Mes compagnons et surtout, le directeur de l’orchestre, Monsieur Dussau lui-même a
dû trouver correct car ils me demandent de suite d’en étudier une autre, puis une autre, puis de
me construire tout un répertoire. Ce que je ferai avec un plaisir de plus en plus soutenu et
après quelques mois, c’est lorsque je ne chante pas que je suis en état de manque.
4 Mes groupies
Je peux le dire, maintenant qu’il y a prescription, j’avais un succès fou auprès des
demoiselles. A peine arrivé, tout juste le matériel déballé, (le matériel de musique s’entend)

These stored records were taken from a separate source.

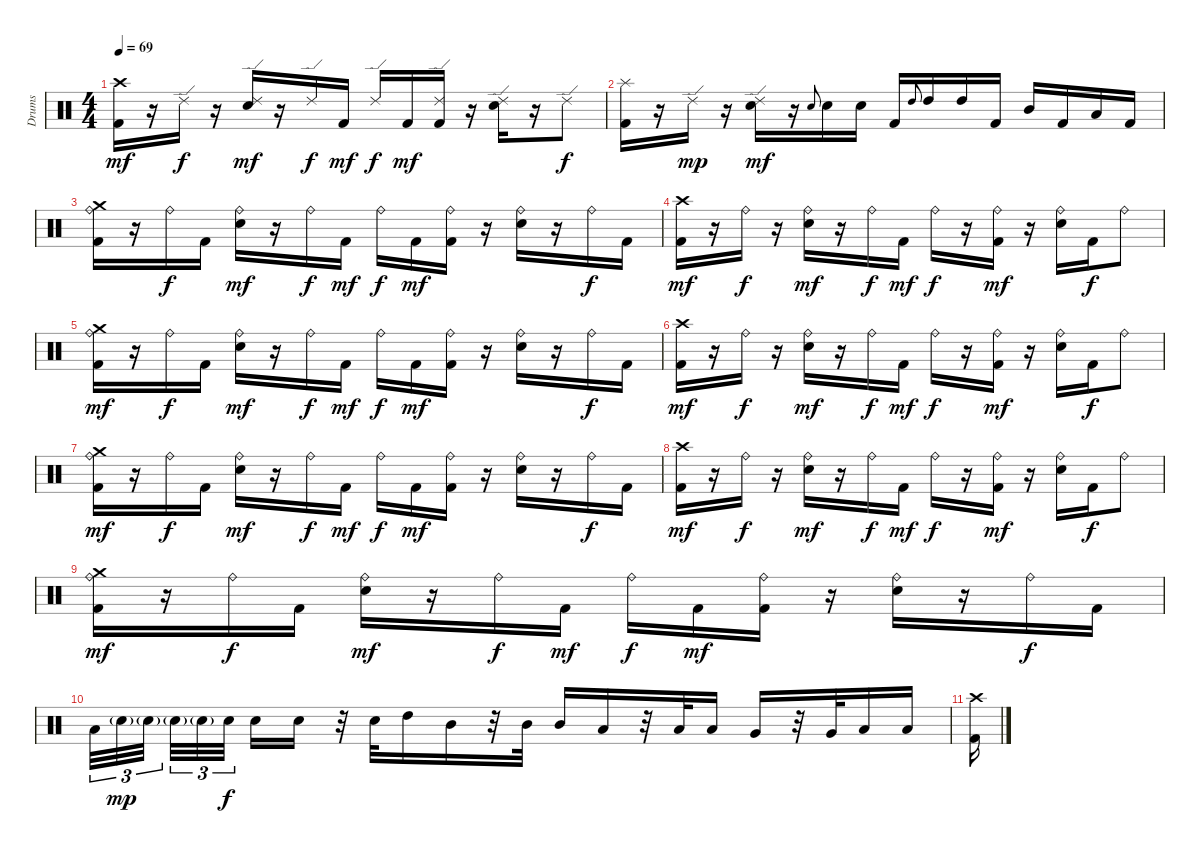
\track ("Drums" "Drums") {instrument percussion}
\staff {score}
\articulation defaults
\ts (4 4)
\tempo 69
\clef neutral
\ks c
("Crash high (hit)" "Kick (hit) 2").16{dy mf} r.16 "Ride (edge) 2".16{dy f} r.16 ("Ride (edge) 2" "Electric Snare (hit)").16{dy mf} r.16 "Ride (edge) 2".16{dy f} "Kick (hit) 2".16{dy mf} "Ride (edge) 2".16{dy f} "Kick (hit) 2".16{dy mf} ("Ride (edge) 2" "Kick (hit) 2").16 r.16 ("Ride (edge) 2" "Electric Snare (hit)").16 r.16 "Ride (edge) 2".8{dy f} |
("Kick (hit) 2" "Splash (hit)").16 r.16 "Ride (edge) 2".16{dy mp} r.16 ("Ride (edge) 2" "Electric Snare (hit)").16{dy mf} r.16 "Electric Snare (hit)".8{gr onbeat} "Electric Snare (hit)".16 "Electric Snare (hit)".16 "Kick (hit) 2".16 "High Tom (hit)".8{gr onbeat} "High Tom (hit)".16 "High Tom (hit)".16 "Kick (hit) 2".16 "Mid Tom (hit)".16 "Kick (hit) 2".16 "Low Tom (hit)".16 "Kick (hit) 2".16 |
("Ride (bell)" "Kick (hit) 2" "Crash medium (hit)").16 r.16 "Ride (bell)".16{dy f} "Kick (hit) 2".16 ("Ride (bell)" "Electric Snare (hit)").16{dy mf} r.16 "Ride (bell)".16{dy f} "Kick (hit) 2".16{dy mf} "Ride (bell)".16{dy f} "Kick (hit) 2".16{dy mf} ("Ride (bell)" "Kick (hit) 2").16 r.16 ("Ride (bell)" "Electric Snare (hit)").16 r.16 "Ride (bell)".16{dy f} "Kick (hit) 2".16 |
("Kick (hit) 2" "Crash high (hit)").16{dy mf} r.16 "Ride (bell)".16{dy f} r.16 ("Ride (bell)" "Electric Snare (hit)").16{dy mf} r.16 "Ride (bell)".16{dy f} "Kick (hit) 2".16{dy mf} "Ride (bell)".16{dy f} r.16 ("Ride (bell)" "Kick (hit) 2").16{dy mf} r.16 ("Ride (bell)" "Electric Snare (hit)").16 "Kick (hit) 2".16{dy f} "Ride (bell)".8 |
("Ride (bell)" "Kick (hit) 2" "Crash medium (hit)").16{dy mf} r.16 "Ride (bell)".16{dy f} "Kick (hit) 2".16 ("Ride (bell)" "Electric Snare (hit)").16{dy mf} r.16 "Ride (bell)".16{dy f} "Kick (hit) 2".16{dy mf} "Ride (bell)".16{dy f} "Kick (hit) 2".16{dy mf} ("Ride (bell)" "Kick (hit) 2").16 r.16 ("Ride (bell)" "Electric Snare (hit)").16 r.16 "Ride (bell)".16{dy f} "Kick (hit) 2".16 |
("Kick (hit) 2" "Crash high (hit)").16{dy mf} r.16 "Ride (bell)".16{dy f} r.16 ("Ride (bell)" "Electric Snare (hit)").16{dy mf} r.16 "Ride (bell)".16{dy f} "Kick (hit) 2".16{dy mf} "Ride (bell)".16{dy f} r.16 ("Ride (bell)" "Kick (hit) 2").16{dy mf} r.16 ("Ride (bell)" "Electric Snare (hit)").16 "Kick (hit) 2".16{dy f} "Ride (bell)".8 |
("Ride (bell)" "Kick (hit) 2" "Crash medium (hit)").16{dy mf} r.16 "Ride (bell)".16{dy f} "Kick (hit) 2".16 ("Ride (bell)" "Electric Snare (hit)").16{dy mf} r.16 "Ride (bell)".16{dy f} "Kick (hit) 2".16{dy mf} "Ride (bell)".16{dy f} "Kick (hit) 2".16{dy mf} ("Ride (bell)" "Kick (hit) 2").16 r.16 ("Ride (bell)" "Electric Snare (hit)").16 r.16 "Ride (bell)".16{dy f} "Kick (hit) 2".16 |
("Kick (hit) 2" "Crash high (hit)").16{dy mf} r.16 "Ride (bell)".16{dy f} r.16 ("Ride (bell)" "Electric Snare (hit)").16{dy mf} r.16 "Ride (bell)".16{dy f} "Kick (hit) 2".16{dy mf} "Ride (bell)".16{dy f} r.16 ("Ride (bell)" "Kick (hit) 2").16{dy mf} r.16 ("Ride (bell)" "Electric Snare (hit)").16 "Kick (hit) 2".16{dy f} "Ride (bell)".8 |
("Ride (bell)" "Kick (hit) 2" "Crash medium (hit)").16{dy mf} r.16 "Ride (bell)".16{dy f} "Kick (hit) 2".16 ("Ride (bell)" "Electric Snare (hit)").16{dy mf} r.16 "Ride (bell)".16{dy f} "Kick (hit) 2".16{dy mf} "Ride (bell)".16{dy f} "Kick (hit) 2".16{dy mf} ("Ride (bell)" "Kick (hit) 2").16 r.16 ("Ride (bell)" "Electric Snare (hit)").16 r.16 "Ride (bell)".16{dy f} "Kick (hit) 2".16 |
"Low Tom (hit)".32{tu (3 2)} "Electric Snare (hit)"{g}.32{tu (3 2) dy mp} "Electric Snare (hit)"{g}.32{tu (3 2) beam splitsecondary} "Electric Snare (hit)"{g}.32{tu (3 2)} "Electric Snare (hit)"{g}.32{tu (3 2)} "Electric Snare (hit)".32{tu (3 2) dy f beam splitsecondary} "Electric Snare (hit)".16 "Electric Snare (hit)".16 r.32 "Electric Snare (hit)".32 "High Tom (hit)".16 "Mid Tom (hit)".16 r.32 "Mid Tom (hit)".32 "Mid Tom (hit)".16 "Low Tom (hit)".16 r.32 "Low Tom (hit)".32 "Low Tom (hit)".16 "Very Low Tom (hit)".16 r.32 "Very Low Tom (hit)".32 "Low Floor Tom (hit)".16 "Low Floor Tom (hit)".16 |
("Crash high (hit)" "Kick (hit) 2").16

j’avais des filles partout, tout autour de moi.
Ce que j’aurais appris :
Il ne faut pas aller plus vite que la musique. Petit à petit, vaut mieux que quelques
grands coups. Travailler, prendre de la peine, répéter ses accords, apprendre la mobilité des
doigts de la main gauche, le rythme de la main droite, les repères pour jouer la musique en
solo, en fait ce que l’on appelle « jouer de la guitare » n’a rien d’un jeu. C’est une vocation
comme pour être prêtre, qui demande beaucoup de renoncements.
Le travail d’équipe est très important. Quand nous répétons un nouveau morceau, il
faut que tout le monde soit parfaitement au point et non pas passer à la partition suivante car
ce sera une catastrophe sur scène. Le moindre accord faussé, et c’est le chanteur qui risque de
faire un couac.
Sortir de sa zone de confort est primordial dans ce métier. C’est ainsi que l’on avance.